I am not sure how to interpret these results and would appreciate any input. The shape looks broadly normal, but the peak is very short and high, and the tails are pretty long.

What do you think? Is my data normally distributed?

enter image description here enter image description here

Archie
  • 205
  • 3
    No, the variable you've plotted (residuals?) is far from normally distributed. Also see this: How to interpret a QQ plot – dipetkov Aug 12 '22 at 11:55
  • 3
    What this looks like is the Laplace distribution. Interestingly, a) there is a link between the Laplace distribution and minimizing mean absolute deviations (MAD); b) quantile regression minimizes the MAD to estimate the median. So perhaps you'll get a more helpful answer if you provide information about the analyses you've done to generate these plots. – dipetkov Aug 12 '22 at 12:25
  • 1
    @dipetkov Those comments could be a good answer, as they get to the nub of the matter. – Nick Cox Aug 12 '22 at 12:29

1 Answers1

1

This is an extended comment rather than an answer.

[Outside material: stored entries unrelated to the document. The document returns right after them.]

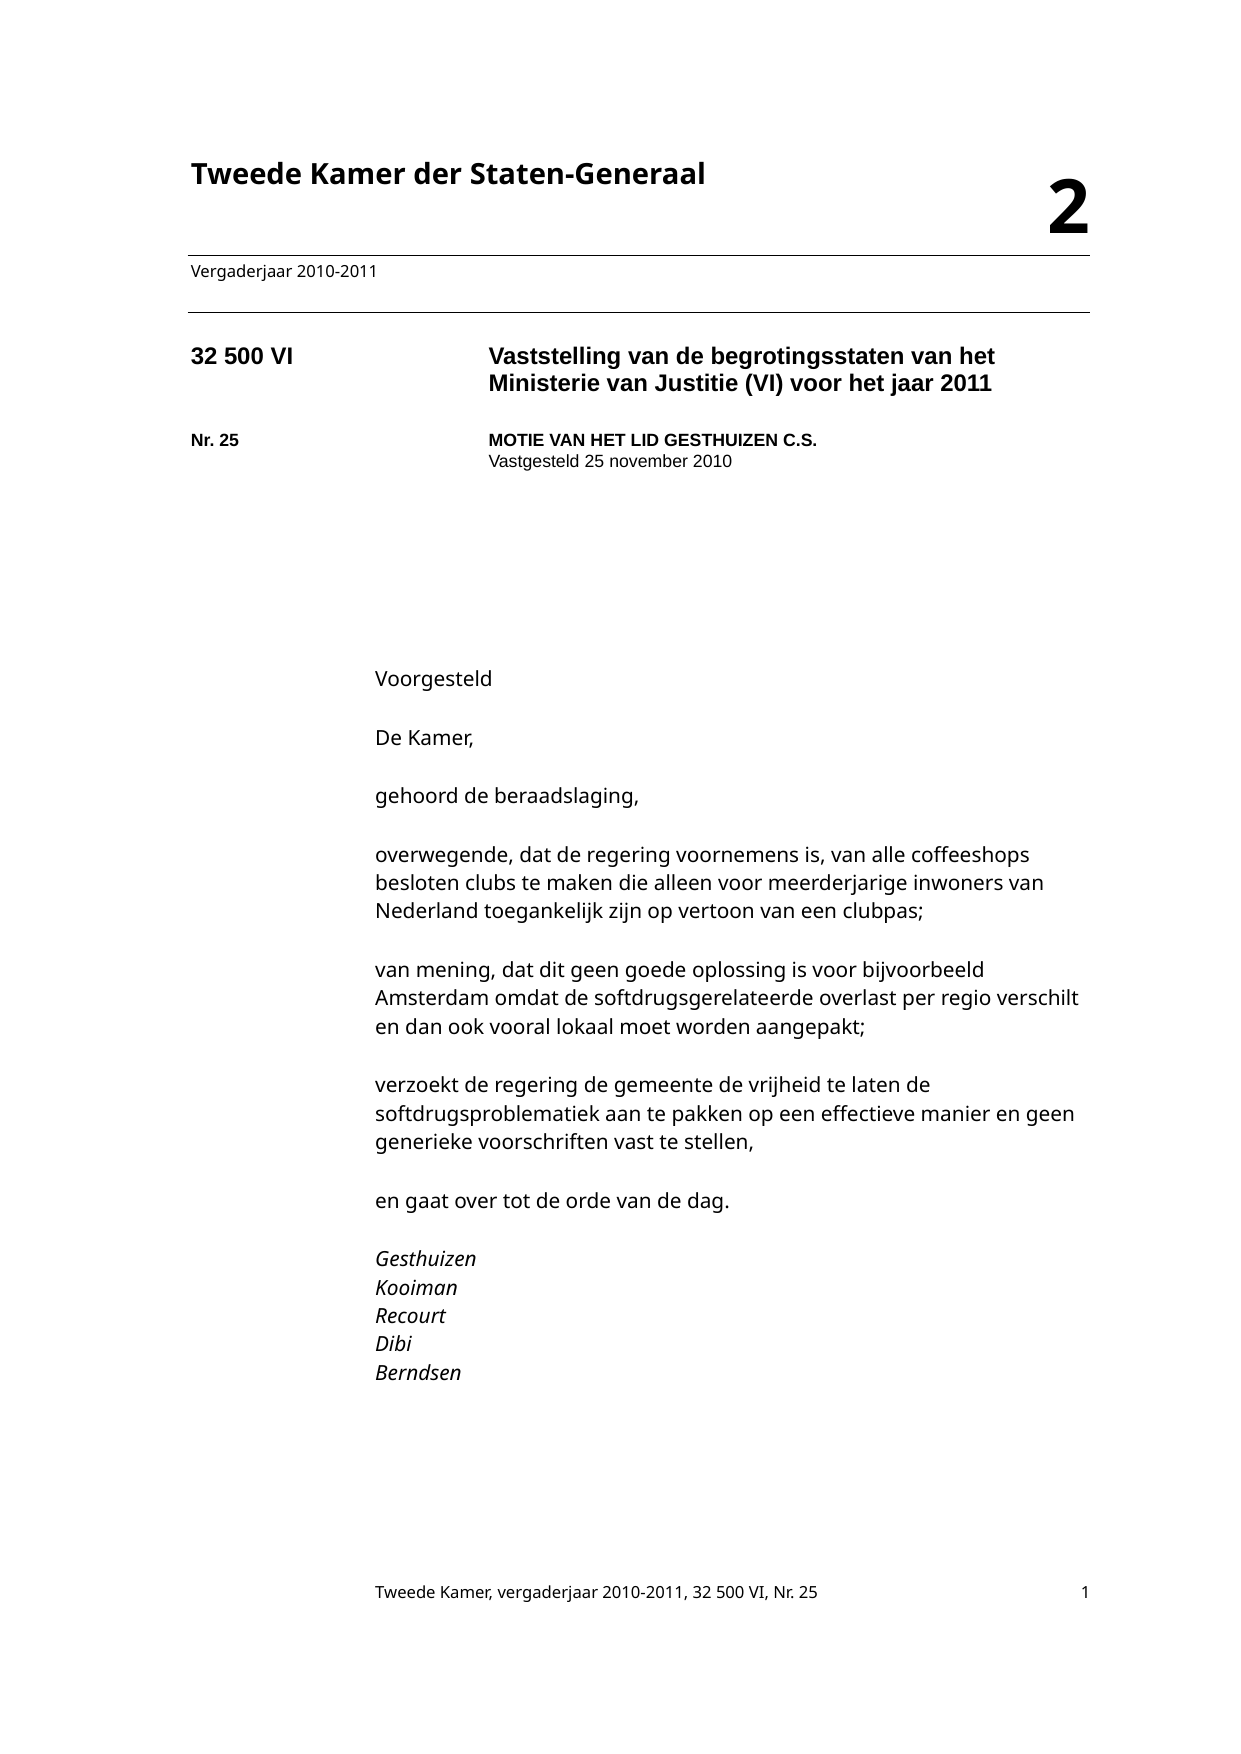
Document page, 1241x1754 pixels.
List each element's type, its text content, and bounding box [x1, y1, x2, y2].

table_header 2 [910, 150, 1090, 255]
table_header Tweede Kamer der Staten-Generaal [188, 150, 909, 255]
table_cell 32 500 VI [188, 339, 485, 427]
text verzoekt de regering de gemeente de vrijheid te laten de softdrugsproblematiek aan te pakken op een effectieve manier en geen generieke voorschriften vast te stellen, [375, 1070, 1090, 1156]
text Recourt [375, 1301, 1090, 1329]
text Kooiman [375, 1273, 1090, 1301]
table_cell Vaststelling van de begrotingsstaten van het Ministerie van Justitie (VI) voor het jaar 2011 [485, 339, 1090, 427]
text gehoord de beraadslaging, [375, 781, 1090, 810]
table_cell Vergaderjaar 2010-2011 [188, 256, 485, 312]
text van mening, dat dit geen goede oplossing is voor bijvoorbeeld Amsterdam omdat de softdrugsgerelateerde overlast per regio verschilt en dan ook vooral lokaal moet worden aangepakt; [375, 955, 1090, 1040]
text Gesthuizen [375, 1244, 1090, 1273]
table_cell Nr. 25 [188, 427, 485, 546]
table_cell [485, 313, 1090, 339]
text Berndsen [375, 1358, 1090, 1386]
table_cell [485, 256, 1090, 312]
table_cell MOTIE VAN HET LID GESTHUIZEN C.S. Vastgesteld 25 november 2010 [485, 427, 1090, 546]
table_cell [188, 313, 485, 339]
text De Kamer, [375, 723, 1090, 751]
text Voorgesteld [375, 664, 1090, 693]
text en gaat over tot de orde van de dag. [375, 1186, 1090, 1214]
text overwegende, dat de regering voornemens is, van alle coffeeshops besloten clubs te maken die alleen voor meerderjarige inwoners van Nederland toegankelijk zijn op vertoon van een clubpas; [375, 840, 1090, 925]
text Dibi [375, 1329, 1090, 1358]

The answer to your actual question is: No, both the histogram and the QQ plot indicate the distribution (of the residuals? of the response? of some other variable?) is not Normal.

The histogram calls to mind the Laplace distribution, which is symmetric like the Normal but with heavier tails; it puts less probability near the center/mean, so the peak is sharp.

enter image description here

Source: Wikipedia

Is this observation relevant to you? It's hard to say without knowing any details. Keep in mind that quantile regression (QR) makes no assumptions about the error distribution while linear regression (LR) assumes that the errors are Normal. Since QR makes fewer assumptions than LR, it would seem that it's a "safer" choice. The flip side is that QR is not efficient at estimating the median as LR is at estimating the mean. As usual, if we make more assumptions and those assumptions are reasonably satisfied, we get better estimates of the model parameters.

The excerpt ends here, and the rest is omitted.